EXERCISE BRIEF — Leave the pictures out and repeat the rest of the data below exactly.

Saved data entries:
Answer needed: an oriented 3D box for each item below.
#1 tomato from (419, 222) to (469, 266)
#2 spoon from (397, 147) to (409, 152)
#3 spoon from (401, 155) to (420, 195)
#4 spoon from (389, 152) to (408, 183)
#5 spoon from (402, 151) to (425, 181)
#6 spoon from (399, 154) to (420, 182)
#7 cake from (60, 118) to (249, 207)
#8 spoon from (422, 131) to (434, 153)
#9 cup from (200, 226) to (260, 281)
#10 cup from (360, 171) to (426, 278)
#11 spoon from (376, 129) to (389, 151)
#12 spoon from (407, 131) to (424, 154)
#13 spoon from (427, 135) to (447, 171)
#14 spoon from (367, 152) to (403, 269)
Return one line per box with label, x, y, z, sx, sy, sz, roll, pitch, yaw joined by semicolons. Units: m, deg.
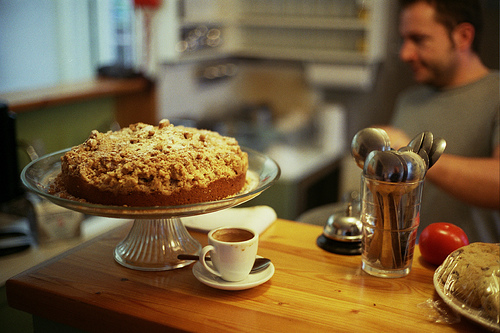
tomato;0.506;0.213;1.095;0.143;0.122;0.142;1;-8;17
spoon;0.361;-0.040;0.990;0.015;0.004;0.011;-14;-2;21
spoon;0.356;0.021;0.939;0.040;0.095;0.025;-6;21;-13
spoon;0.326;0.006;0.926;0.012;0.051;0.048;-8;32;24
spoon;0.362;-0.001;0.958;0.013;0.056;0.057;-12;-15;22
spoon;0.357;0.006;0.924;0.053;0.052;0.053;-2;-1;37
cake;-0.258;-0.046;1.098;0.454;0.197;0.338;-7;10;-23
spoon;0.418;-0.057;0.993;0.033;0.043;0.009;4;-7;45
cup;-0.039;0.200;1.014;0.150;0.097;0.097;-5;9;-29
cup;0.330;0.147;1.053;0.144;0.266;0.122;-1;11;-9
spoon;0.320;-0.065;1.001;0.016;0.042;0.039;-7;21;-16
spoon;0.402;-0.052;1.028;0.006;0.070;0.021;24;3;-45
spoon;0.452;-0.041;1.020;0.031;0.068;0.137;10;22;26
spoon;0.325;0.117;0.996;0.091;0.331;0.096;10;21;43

EXPECTED ANSWER —
Answer needed: an oriented 3D box for each item below.
#1 tomato from (419, 222) to (469, 266)
#2 spoon from (397, 147) to (409, 152)
#3 spoon from (401, 155) to (420, 195)
#4 spoon from (389, 152) to (408, 183)
#5 spoon from (402, 151) to (425, 181)
#6 spoon from (399, 154) to (420, 182)
#7 cake from (60, 118) to (249, 207)
#8 spoon from (422, 131) to (434, 153)
#9 cup from (200, 226) to (260, 281)
#10 cup from (360, 171) to (426, 278)
#11 spoon from (376, 129) to (389, 151)
#12 spoon from (407, 131) to (424, 154)
#13 spoon from (427, 135) to (447, 171)
#14 spoon from (367, 152) to (403, 269)
Return one line per box with label, x, y, z, sx, sy, sz, roll, pitch, yaw joined by semicolons. Units: m, deg.
tomato;0.506;0.213;1.095;0.143;0.122;0.142;1;-8;17
spoon;0.361;-0.040;0.990;0.015;0.004;0.011;-14;-2;21
spoon;0.356;0.021;0.939;0.040;0.095;0.025;-6;21;-13
spoon;0.326;0.006;0.926;0.012;0.051;0.048;-8;32;24
spoon;0.362;-0.001;0.958;0.013;0.056;0.057;-12;-15;22
spoon;0.357;0.006;0.924;0.053;0.052;0.053;-2;-1;37
cake;-0.258;-0.046;1.098;0.454;0.197;0.338;-7;10;-23
spoon;0.418;-0.057;0.993;0.033;0.043;0.009;4;-7;45
cup;-0.039;0.200;1.014;0.150;0.097;0.097;-5;9;-29
cup;0.330;0.147;1.053;0.144;0.266;0.122;-1;11;-9
spoon;0.320;-0.065;1.001;0.016;0.042;0.039;-7;21;-16
spoon;0.402;-0.052;1.028;0.006;0.070;0.021;24;3;-45
spoon;0.452;-0.041;1.020;0.031;0.068;0.137;10;22;26
spoon;0.325;0.117;0.996;0.091;0.331;0.096;10;21;43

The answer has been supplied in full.